Results of a study showed that the risks of breast cancer, nephritis, osteoporosis, and RA were lower among patients using RLX compared to the control group. However, the risk of metabolic disorders was higher among subjects treated with bisphosphonates. Except gastroesophageal reflux and gastritis (2%–3%), gastrointestinal disorders were reported in less than 1% of patients treated with RLX [54].

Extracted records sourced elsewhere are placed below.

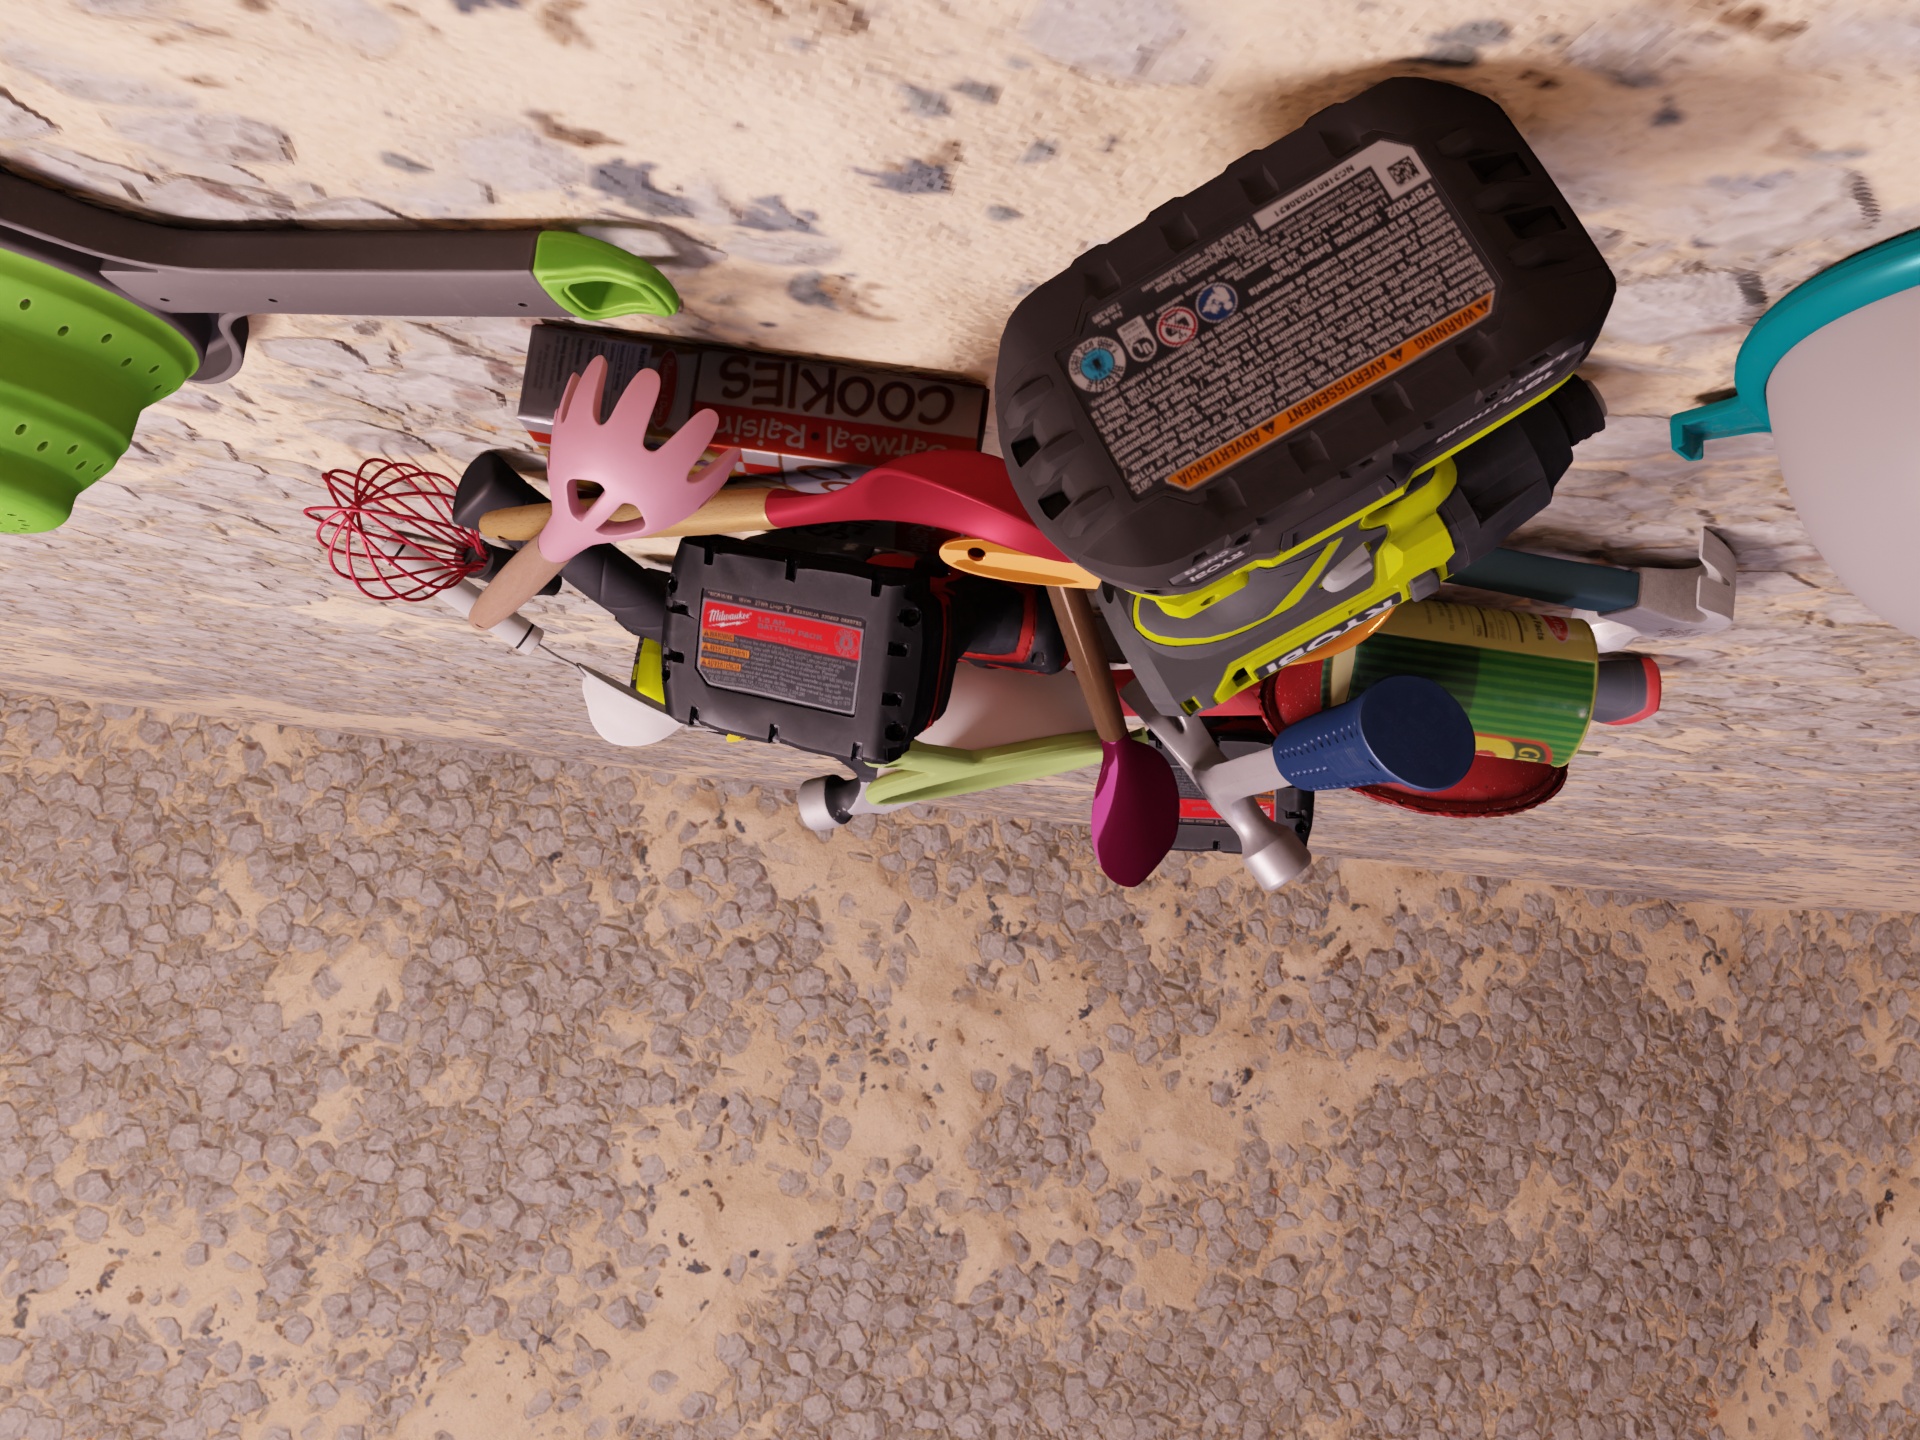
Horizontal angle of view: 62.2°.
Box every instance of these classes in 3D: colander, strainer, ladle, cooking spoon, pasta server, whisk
[{"bbox_3d":[-0.286,-0.115,0.532,0.397,0.094,0.204,5,173,15],"label":"colander"},{"bbox_3d":[-0.266,-0.045,1.003,0.258,0.050,0.087,36,176,-20],"label":"strainer"},{"bbox_3d":[-0.086,-0.078,0.603,0.315,0.031,0.069,4,165,39],"label":"ladle"},{"bbox_3d":[-0.001,-0.003,0.838,0.151,0.069,0.256,-14,172,17],"label":"strainer"},{"bbox_3d":[0.071,-0.009,0.798,0.017,0.069,0.318,30,157,35],"label":"cooking spoon"},{"bbox_3d":[0.388,-0.053,0.431,0.340,0.095,0.211,8,173,0],"label":"strainer"},{"bbox_3d":[-0.162,-0.071,0.634,0.060,0.040,0.316,33,162,-19],"label":"pasta server"},{"bbox_3d":[-0.276,-0.092,0.881,0.073,0.073,0.296,6,179,4],"label":"whisk"}]

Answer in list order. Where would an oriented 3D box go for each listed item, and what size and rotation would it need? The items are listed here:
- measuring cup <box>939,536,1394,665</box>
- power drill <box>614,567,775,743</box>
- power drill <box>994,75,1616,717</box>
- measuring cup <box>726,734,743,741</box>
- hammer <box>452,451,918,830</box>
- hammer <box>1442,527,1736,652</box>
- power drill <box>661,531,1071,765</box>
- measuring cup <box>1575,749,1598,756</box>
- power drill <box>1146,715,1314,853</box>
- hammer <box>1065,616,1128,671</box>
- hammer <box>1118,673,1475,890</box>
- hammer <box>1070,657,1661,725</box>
[{"bbox_3d":[0.081,-0.073,0.612,0.173,0.052,0.095,5,139,5],"label":"measuring cup"},{"bbox_3d":[-0.147,-0.045,1.050,0.190,0.080,0.228,13,169,-19],"label":"power drill"},{"bbox_3d":[0.107,-0.075,0.449,0.171,0.080,0.223,-29,165,11],"label":"power drill"},{"bbox_3d":[-0.086,-0.002,0.884,0.062,0.029,0.156,-10,169,-40],"label":"measuring cup"},{"bbox_3d":[-0.130,-0.033,0.907,0.149,0.036,0.408,-14,149,26],"label":"hammer"},{"bbox_3d":[0.188,-0.074,0.694,0.331,0.033,0.128,8,173,-15],"label":"hammer"},{"bbox_3d":[-0.056,-0.052,0.750,0.188,0.080,0.226,12,-166,18],"label":"power drill"},{"bbox_3d":[0.382,0.001,1.099,0.167,0.038,0.083,8,173,-29],"label":"measuring cup"},{"bbox_3d":[0.202,0.025,1.103,0.143,0.078,0.219,2,-167,18],"label":"power drill"},{"bbox_3d":[0.070,-0.028,1.145,0.149,0.037,0.359,7,172,-1],"label":"hammer"},{"bbox_3d":[0.146,0.016,0.725,0.035,0.144,0.405,-37,176,-3],"label":"hammer"},{"bbox_3d":[0.209,-0.027,0.934,0.386,0.038,0.143,-1,142,7],"label":"hammer"}]
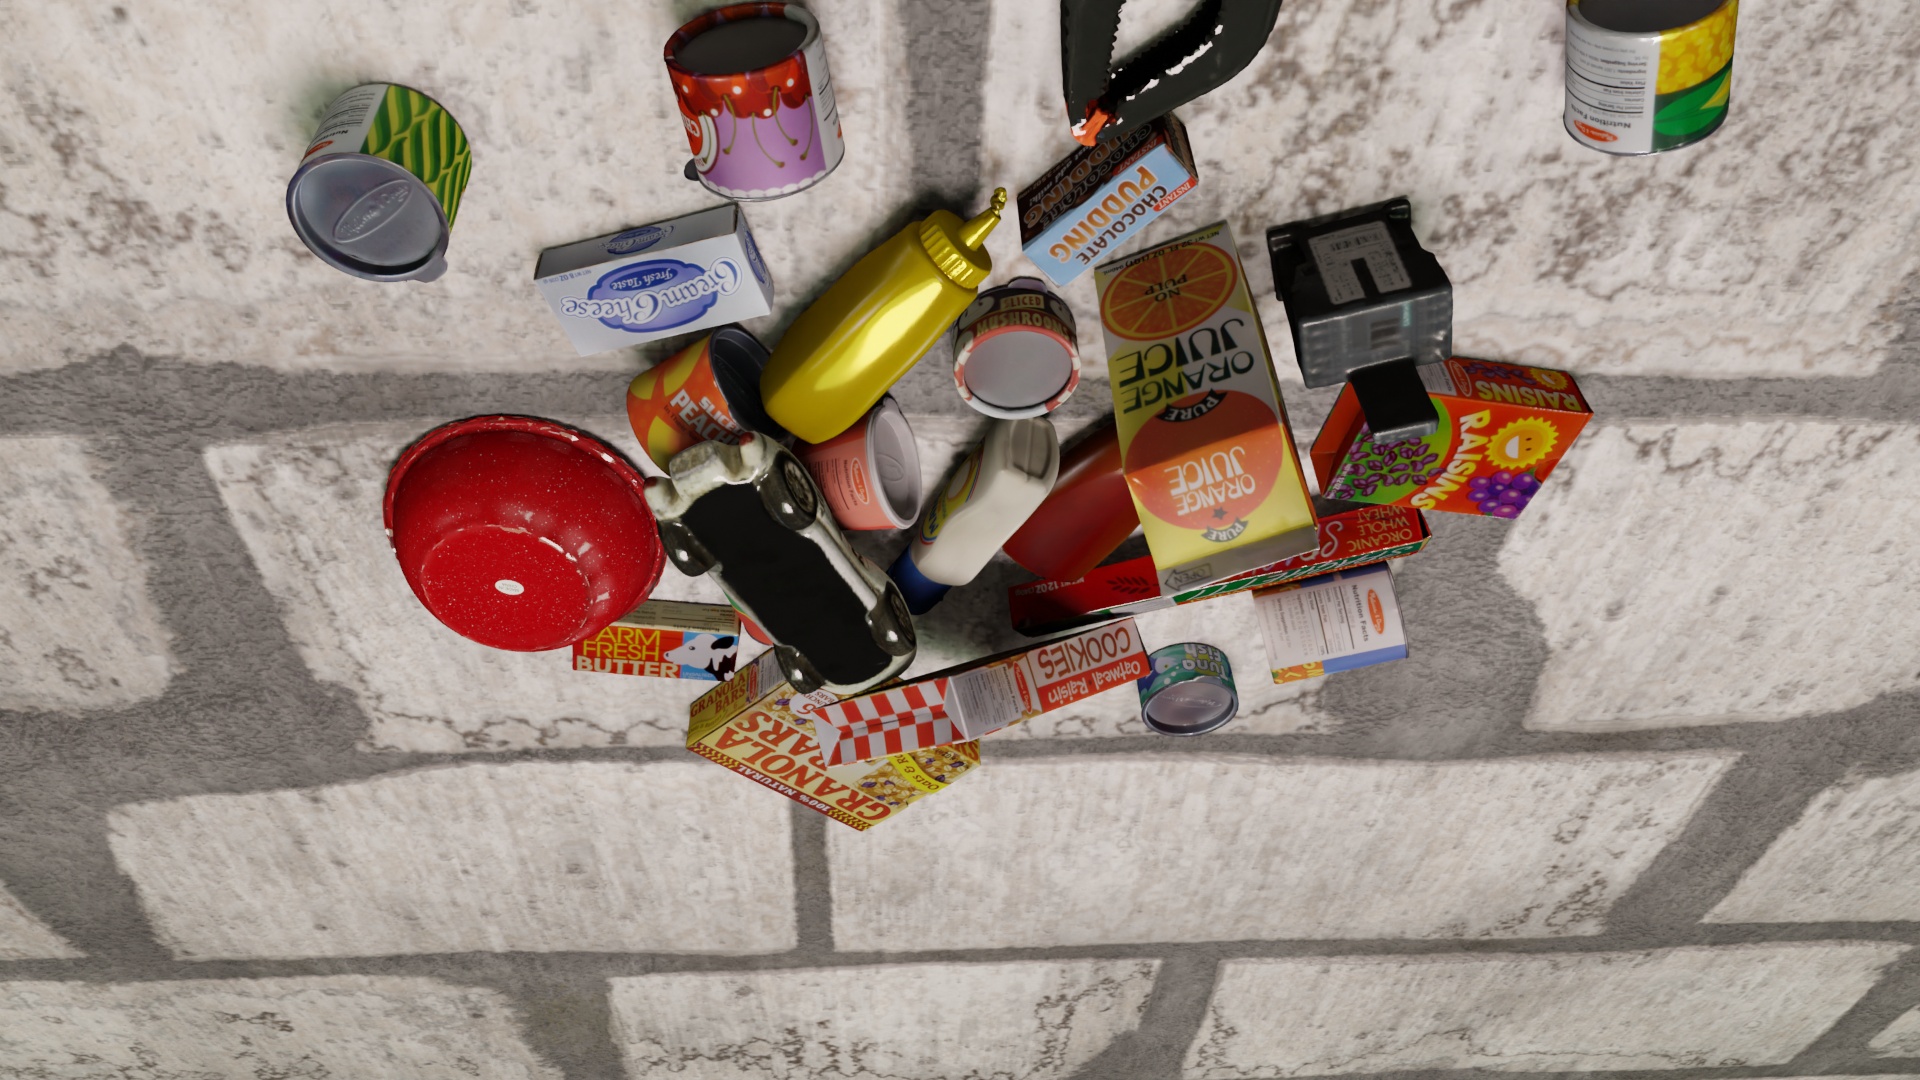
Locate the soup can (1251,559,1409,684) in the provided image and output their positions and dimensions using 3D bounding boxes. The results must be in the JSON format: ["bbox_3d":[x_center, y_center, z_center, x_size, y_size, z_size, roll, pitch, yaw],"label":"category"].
[{"bbox_3d":[0.231,0.050,0.871,0.084,0.072,0.071,-13,137,12],"label":"soup can"}]

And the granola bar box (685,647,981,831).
[{"bbox_3d":[-0.086,0.136,0.961,0.124,0.039,0.165,-34,129,29],"label":"granola bar box"}]

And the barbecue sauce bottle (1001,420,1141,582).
[{"bbox_3d":[0.087,-0.036,0.782,0.065,0.044,0.148,24,130,-28],"label":"barbecue sauce bottle"}]

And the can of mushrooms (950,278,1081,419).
[{"bbox_3d":[0.029,-0.098,0.718,0.071,0.034,0.070,-1,138,-1],"label":"can of mushrooms"}]

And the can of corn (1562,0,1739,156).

No venous thromboembolism was reported among patients using RLX in Kung et al.'s study on Asian women [55]. This finding was compatible with another study performed by Mok et al.[18]. In addition, in a study carried out by Lee et al., thromboembolism or other side effects were not observed in any patient [17]. However, due to insufficient data, it is recommended to carry out future longitudinal studies to confirm the safety of RLX in terms of thromboembolic risk and other side effects.
RLX was well tolerated without serious adverse events. It seems that RLX is a promising treatment candidate for postmenopausal osteoporosis in patients with RA due to its antiarthritic and antiosteoporotic effects and based on the outcomes of experimental postmenopausal arthritis in animal and human studies.